§ **PROBLEM DETAILS**
You are to retype exactly the line with "public const int Onelazy" and every line after it in the entries below.

§ **RECORDS FOR THE TASK**

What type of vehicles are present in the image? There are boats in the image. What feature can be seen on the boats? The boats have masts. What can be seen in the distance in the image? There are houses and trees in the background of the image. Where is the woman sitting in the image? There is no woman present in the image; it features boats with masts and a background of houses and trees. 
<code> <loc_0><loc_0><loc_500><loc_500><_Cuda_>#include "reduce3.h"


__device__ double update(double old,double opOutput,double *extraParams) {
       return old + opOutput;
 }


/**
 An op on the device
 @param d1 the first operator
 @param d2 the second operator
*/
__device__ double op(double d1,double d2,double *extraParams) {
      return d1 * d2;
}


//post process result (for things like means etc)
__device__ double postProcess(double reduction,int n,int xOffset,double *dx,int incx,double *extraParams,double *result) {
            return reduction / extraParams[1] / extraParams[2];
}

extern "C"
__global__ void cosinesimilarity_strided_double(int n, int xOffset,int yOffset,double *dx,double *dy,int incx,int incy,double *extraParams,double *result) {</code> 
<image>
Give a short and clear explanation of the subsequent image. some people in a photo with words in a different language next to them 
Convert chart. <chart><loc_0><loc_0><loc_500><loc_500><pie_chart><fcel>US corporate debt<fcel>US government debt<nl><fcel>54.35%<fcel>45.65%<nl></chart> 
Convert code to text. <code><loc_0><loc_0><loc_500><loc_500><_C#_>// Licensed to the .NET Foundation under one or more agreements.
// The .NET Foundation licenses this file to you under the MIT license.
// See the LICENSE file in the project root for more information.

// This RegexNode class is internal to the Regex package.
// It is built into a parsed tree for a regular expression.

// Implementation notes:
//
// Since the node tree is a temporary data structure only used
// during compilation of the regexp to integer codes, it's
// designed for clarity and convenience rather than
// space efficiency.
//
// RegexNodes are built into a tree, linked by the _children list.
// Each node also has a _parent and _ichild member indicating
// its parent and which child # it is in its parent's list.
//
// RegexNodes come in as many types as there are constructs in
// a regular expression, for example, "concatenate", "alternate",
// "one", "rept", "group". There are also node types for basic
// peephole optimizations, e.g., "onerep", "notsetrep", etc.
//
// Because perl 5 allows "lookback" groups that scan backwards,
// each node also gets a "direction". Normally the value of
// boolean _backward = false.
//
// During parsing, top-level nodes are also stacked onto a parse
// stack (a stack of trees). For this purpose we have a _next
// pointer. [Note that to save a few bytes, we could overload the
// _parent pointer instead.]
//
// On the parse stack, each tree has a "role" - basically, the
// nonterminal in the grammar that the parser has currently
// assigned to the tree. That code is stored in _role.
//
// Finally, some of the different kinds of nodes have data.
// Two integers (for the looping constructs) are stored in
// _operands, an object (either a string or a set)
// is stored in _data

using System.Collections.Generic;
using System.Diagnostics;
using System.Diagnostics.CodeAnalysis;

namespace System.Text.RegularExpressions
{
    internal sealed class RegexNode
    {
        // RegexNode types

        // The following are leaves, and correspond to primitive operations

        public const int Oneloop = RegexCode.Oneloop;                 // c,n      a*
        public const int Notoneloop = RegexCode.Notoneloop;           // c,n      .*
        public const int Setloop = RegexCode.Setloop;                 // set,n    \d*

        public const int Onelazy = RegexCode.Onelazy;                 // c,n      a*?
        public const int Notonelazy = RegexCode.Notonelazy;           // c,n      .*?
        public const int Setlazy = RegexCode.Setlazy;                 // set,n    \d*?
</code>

§ **EXERCISE RESULT**
        public const int Onelazy = RegexCode.Onelazy;                 // c,n      a*?
        public const int Notonelazy = RegexCode.Notonelazy;           // c,n      .*?
        public const int Setlazy = RegexCode.Setlazy;                 // set,n    \d*?
</code>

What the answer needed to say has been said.